Yorozu Tomoko, Matsumoto Midori, Hayashi Satoru, Yamada Tatsuya, Nakaohji Takako, Nakatsuka Itsuo
Department of Anesthesiology, Federation of National Public Service Personnel Mutual Aid Associations, Tachikawa Hospital, Tachikawa 190-8531.
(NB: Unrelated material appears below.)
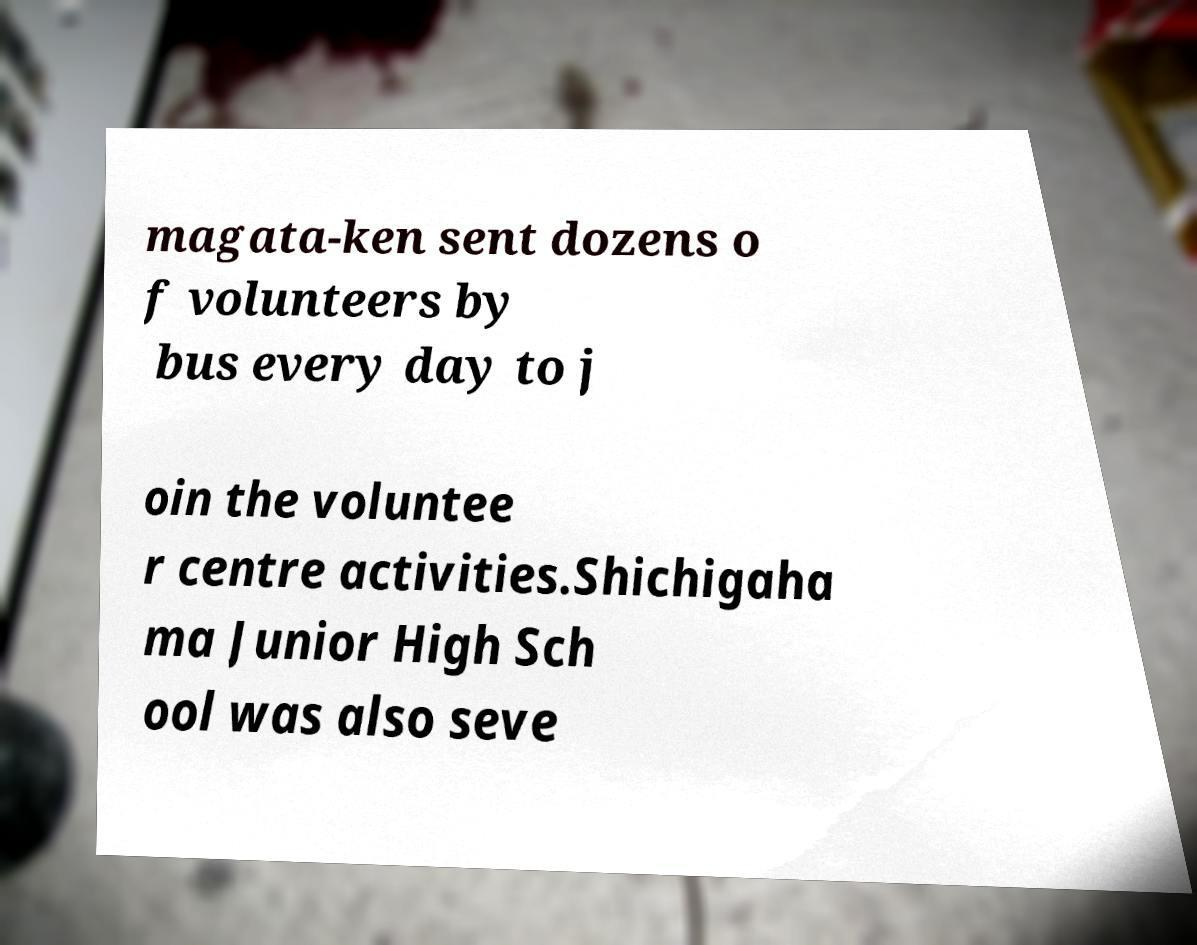What messages or text are displayed in this image? I need them in a readable, typed format. magata-ken sent dozens o f volunteers by bus every day to j oin the voluntee r centre activities.Shichigaha ma Junior High Sch ool was also seve

Masui. 2002 Oct;51(10):1151-4.
A 64-year-old man was scheduled for transure thral resection of the prostate. The patient's medical history showed borderline diabetic state and two uncomplicated surgeries under spinal anesthesia. Spinal anesthesia was performed at the L 3/4 interspace using hyperbaric 0.24% dibucaine 2.2 ml, which was followed by general anesthesia because the anesthesia level had spread only to the lower left side of the body. On the next day, he complained of difficulty of defecation and urination combined with hypesthesia around the anus, which was diagnosed as cauda equina syndrome. The symptoms had not changed for three weeks. Then, there was a gradual recovery but slight hypesthesia remained even four months after the surgery. Speculation of this clinical etiology suggests that high concentration of dibucaine, having maldistributed inside the intrathecal space, affected cauda equina, which resulted in irreversible nerve damage. There were other risk factors for cauda equina syndrome in this patient such as lithotomy position, history of frequent spinal anesthesia, diabetes and advanced age. None of these are contraindication for spinal anesthesia. Many elderly patients particularly undergoing urological surgeries are likely to have such risk factors. Therefore at least dibucaine should be avoided for spinal anesthesia because of its high neurotoxicity compared with other local anesthetics.
一名64岁男性计划接受经尿道前列腺切除术。患者的病史显示为临界糖尿病状态,曾在蛛网膜下腔麻醉下进行过两次无并发症的手术。在L 3/4椎间隙使用2.2毫升0.24%的高压丁卡因进行蛛网膜下腔麻醉,随后因麻醉平面仅扩散到身体左下侧而追加全身麻醉。术后第二天,他出现排便和排尿困难,并伴有肛门周围感觉减退,被诊断为马尾综合征。症状持续三周未变。随后逐渐恢复,但术后四个月仍有轻微感觉减退。推测该临床病因是高浓度丁卡因在鞘内空间分布不均,影响了马尾神经,导致不可逆的神经损伤。该患者还存在其他马尾综合征的危险因素,如截石位、频繁蛛网膜下腔麻醉史、糖尿病和高龄。这些都不是蛛网膜下腔麻醉的禁忌证。许多老年患者,尤其是接受泌尿外科手术的患者,可能有此类危险因素。因此,由于丁卡因与其他局部麻醉药相比具有较高的神经毒性,蛛网膜下腔麻醉至少应避免使用丁卡因。